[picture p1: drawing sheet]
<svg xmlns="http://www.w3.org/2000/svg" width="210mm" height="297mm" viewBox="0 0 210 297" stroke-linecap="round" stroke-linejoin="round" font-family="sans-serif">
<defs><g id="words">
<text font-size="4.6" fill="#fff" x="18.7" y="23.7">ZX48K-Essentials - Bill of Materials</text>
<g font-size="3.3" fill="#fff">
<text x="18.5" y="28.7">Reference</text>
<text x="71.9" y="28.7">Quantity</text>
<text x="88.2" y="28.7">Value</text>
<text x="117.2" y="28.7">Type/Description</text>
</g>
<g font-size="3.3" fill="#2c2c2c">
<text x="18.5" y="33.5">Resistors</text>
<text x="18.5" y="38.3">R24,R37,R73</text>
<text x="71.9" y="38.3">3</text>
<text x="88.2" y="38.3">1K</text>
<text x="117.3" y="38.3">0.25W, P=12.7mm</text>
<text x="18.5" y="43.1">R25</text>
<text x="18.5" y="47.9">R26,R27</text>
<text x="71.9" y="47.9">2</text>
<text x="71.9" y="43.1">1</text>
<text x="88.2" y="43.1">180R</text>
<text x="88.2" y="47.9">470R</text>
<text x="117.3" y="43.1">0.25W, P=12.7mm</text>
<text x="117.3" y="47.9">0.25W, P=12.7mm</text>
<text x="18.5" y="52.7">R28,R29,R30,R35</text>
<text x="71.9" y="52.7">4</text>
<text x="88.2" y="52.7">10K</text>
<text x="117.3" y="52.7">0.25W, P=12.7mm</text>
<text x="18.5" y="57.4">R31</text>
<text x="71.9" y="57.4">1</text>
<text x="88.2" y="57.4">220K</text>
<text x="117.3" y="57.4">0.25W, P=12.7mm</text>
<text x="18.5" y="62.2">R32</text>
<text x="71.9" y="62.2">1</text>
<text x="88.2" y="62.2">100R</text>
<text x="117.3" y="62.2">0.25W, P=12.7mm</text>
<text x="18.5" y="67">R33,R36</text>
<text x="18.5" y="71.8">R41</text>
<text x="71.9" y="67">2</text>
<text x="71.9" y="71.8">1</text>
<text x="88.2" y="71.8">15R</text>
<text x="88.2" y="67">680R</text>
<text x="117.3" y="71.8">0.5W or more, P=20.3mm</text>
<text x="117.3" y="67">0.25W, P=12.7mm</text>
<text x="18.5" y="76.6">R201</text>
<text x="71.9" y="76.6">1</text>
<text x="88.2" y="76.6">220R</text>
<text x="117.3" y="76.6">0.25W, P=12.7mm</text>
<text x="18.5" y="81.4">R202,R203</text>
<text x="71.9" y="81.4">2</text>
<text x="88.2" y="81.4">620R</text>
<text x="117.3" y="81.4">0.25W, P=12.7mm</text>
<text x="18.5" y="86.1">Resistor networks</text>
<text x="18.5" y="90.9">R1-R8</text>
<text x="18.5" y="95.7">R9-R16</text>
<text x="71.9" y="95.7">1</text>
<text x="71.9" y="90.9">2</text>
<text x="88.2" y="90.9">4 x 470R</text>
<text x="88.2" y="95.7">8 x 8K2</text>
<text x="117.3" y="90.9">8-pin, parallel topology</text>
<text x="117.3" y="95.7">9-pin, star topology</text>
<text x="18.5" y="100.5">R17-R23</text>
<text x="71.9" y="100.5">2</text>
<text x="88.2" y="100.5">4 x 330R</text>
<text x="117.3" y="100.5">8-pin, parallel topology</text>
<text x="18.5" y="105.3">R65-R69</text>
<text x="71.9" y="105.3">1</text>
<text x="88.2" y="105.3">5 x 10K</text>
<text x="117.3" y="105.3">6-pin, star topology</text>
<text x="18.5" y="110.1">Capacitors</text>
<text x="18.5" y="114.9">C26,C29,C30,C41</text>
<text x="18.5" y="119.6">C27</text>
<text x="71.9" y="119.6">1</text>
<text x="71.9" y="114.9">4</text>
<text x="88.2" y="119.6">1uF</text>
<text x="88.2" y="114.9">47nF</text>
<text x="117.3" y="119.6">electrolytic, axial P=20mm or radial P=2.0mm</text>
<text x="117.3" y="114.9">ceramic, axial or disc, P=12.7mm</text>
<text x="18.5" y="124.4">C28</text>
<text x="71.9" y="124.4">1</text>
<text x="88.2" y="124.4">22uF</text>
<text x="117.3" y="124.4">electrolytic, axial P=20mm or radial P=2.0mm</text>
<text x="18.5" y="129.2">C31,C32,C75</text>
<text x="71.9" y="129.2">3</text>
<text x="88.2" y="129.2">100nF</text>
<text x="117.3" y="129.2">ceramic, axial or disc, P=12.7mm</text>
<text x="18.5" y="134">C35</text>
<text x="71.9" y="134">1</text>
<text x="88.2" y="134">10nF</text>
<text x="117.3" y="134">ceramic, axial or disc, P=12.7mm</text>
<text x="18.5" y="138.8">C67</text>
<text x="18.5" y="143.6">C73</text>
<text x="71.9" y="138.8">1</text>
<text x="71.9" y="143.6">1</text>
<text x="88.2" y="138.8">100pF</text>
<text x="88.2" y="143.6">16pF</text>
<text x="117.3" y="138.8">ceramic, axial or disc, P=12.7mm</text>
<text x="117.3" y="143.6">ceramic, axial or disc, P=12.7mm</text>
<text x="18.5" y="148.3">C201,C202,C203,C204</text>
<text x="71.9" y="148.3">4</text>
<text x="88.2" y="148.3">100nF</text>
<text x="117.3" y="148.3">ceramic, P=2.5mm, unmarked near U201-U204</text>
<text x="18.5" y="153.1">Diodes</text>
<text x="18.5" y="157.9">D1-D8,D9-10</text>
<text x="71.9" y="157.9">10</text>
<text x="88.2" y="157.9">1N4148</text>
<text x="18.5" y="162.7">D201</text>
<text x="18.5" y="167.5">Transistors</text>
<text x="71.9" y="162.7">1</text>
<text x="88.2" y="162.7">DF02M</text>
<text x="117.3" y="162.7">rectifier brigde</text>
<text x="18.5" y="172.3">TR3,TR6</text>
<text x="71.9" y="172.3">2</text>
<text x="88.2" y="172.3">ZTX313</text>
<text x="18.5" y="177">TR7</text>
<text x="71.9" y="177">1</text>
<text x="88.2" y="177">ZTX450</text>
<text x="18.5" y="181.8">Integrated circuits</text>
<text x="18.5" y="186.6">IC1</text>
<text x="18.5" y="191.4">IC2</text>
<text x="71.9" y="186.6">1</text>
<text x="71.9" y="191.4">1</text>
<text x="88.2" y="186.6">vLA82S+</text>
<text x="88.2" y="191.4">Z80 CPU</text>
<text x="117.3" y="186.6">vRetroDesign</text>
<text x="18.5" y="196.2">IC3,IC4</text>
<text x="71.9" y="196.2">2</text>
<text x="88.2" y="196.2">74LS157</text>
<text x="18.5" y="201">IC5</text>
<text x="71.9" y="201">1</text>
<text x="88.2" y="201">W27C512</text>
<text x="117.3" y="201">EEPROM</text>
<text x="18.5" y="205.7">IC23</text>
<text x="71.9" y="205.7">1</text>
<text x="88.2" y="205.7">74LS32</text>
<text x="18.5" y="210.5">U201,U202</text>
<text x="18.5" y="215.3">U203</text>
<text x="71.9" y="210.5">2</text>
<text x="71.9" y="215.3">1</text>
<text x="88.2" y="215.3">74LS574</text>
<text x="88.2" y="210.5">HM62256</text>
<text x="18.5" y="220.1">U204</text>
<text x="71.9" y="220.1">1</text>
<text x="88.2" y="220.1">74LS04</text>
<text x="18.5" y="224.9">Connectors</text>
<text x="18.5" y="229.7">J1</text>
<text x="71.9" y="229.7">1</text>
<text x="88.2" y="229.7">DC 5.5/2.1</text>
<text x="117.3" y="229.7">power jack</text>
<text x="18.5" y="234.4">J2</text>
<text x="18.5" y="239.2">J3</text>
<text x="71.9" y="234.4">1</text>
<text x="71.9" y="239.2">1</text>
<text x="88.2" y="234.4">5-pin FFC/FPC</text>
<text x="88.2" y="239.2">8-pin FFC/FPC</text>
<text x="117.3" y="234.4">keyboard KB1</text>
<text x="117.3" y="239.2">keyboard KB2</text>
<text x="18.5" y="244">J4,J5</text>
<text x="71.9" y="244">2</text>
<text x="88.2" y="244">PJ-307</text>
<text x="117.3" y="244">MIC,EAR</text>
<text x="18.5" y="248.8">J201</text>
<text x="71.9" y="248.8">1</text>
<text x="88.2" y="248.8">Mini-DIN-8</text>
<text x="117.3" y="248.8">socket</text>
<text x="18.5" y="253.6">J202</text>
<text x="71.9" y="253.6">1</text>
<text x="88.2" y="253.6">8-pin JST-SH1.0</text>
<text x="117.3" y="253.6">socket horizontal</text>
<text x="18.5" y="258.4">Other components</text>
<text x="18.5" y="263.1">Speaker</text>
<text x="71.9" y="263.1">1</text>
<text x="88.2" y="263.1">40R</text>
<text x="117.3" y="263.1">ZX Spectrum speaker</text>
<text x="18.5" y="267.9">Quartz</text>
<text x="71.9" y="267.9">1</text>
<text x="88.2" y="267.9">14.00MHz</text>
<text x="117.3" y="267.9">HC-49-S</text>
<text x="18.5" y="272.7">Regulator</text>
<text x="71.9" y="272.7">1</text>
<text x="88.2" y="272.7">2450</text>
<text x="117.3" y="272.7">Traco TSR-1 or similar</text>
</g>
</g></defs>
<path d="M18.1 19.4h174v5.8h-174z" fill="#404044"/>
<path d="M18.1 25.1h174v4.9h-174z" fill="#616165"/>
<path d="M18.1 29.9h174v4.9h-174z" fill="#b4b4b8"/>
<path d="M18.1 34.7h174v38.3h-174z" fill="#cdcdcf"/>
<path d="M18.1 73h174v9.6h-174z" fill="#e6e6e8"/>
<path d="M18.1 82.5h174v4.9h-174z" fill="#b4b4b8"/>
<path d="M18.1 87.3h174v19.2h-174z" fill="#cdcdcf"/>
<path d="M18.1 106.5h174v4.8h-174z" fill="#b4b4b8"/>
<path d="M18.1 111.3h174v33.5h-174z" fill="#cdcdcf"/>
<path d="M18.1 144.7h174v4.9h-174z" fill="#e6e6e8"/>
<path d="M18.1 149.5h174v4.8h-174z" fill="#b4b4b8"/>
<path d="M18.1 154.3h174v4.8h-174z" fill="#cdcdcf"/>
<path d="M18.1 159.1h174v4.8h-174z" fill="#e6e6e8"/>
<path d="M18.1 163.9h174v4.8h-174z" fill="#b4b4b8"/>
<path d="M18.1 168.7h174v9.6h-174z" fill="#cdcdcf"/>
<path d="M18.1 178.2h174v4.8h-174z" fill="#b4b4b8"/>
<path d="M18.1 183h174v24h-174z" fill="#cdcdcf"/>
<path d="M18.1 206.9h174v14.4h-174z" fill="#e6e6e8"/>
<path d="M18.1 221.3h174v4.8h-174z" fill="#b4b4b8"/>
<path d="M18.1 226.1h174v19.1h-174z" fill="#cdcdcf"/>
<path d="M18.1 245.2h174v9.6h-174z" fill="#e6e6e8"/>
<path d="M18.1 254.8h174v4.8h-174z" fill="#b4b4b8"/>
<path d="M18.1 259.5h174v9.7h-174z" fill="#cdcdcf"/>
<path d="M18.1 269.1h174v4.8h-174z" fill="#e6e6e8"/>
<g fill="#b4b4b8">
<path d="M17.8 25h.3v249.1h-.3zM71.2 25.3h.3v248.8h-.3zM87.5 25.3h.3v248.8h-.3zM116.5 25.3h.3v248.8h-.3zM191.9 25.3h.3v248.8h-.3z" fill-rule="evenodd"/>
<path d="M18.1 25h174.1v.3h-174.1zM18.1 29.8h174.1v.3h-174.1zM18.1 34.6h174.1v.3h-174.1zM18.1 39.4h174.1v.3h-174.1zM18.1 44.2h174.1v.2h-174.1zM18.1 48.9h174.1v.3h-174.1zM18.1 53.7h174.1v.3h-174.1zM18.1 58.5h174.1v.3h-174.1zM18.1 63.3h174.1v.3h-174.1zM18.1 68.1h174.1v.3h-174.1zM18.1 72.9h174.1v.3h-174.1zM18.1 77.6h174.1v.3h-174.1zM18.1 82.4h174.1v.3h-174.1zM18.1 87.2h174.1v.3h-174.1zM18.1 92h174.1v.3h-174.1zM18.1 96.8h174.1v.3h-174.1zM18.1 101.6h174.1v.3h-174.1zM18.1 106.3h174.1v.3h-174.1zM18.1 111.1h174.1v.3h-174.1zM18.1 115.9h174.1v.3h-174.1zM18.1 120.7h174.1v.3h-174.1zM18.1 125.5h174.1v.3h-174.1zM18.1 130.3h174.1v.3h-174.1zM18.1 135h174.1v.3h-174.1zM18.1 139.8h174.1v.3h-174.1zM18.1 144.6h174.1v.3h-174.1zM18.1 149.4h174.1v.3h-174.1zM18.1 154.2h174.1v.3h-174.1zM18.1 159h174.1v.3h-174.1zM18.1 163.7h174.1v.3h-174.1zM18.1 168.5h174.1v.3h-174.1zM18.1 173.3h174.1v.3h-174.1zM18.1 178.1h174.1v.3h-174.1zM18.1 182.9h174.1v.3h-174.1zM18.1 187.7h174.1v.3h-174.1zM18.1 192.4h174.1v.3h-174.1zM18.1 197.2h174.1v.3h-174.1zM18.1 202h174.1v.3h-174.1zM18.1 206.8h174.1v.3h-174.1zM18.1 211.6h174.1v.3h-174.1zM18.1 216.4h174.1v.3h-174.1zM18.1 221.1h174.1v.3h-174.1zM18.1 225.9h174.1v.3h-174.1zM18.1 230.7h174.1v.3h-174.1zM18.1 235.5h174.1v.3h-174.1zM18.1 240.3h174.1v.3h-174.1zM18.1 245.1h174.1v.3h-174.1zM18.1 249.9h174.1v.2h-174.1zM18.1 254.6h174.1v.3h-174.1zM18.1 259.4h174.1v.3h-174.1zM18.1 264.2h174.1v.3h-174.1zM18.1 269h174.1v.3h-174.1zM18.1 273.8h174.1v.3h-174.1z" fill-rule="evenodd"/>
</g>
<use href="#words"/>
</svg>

--

== WHAT NEEDS TO BE DONE ==
Please state how many lines of the entries above include the string "socket", giving the number and nothing more.

== ANSWER SPACE ==
2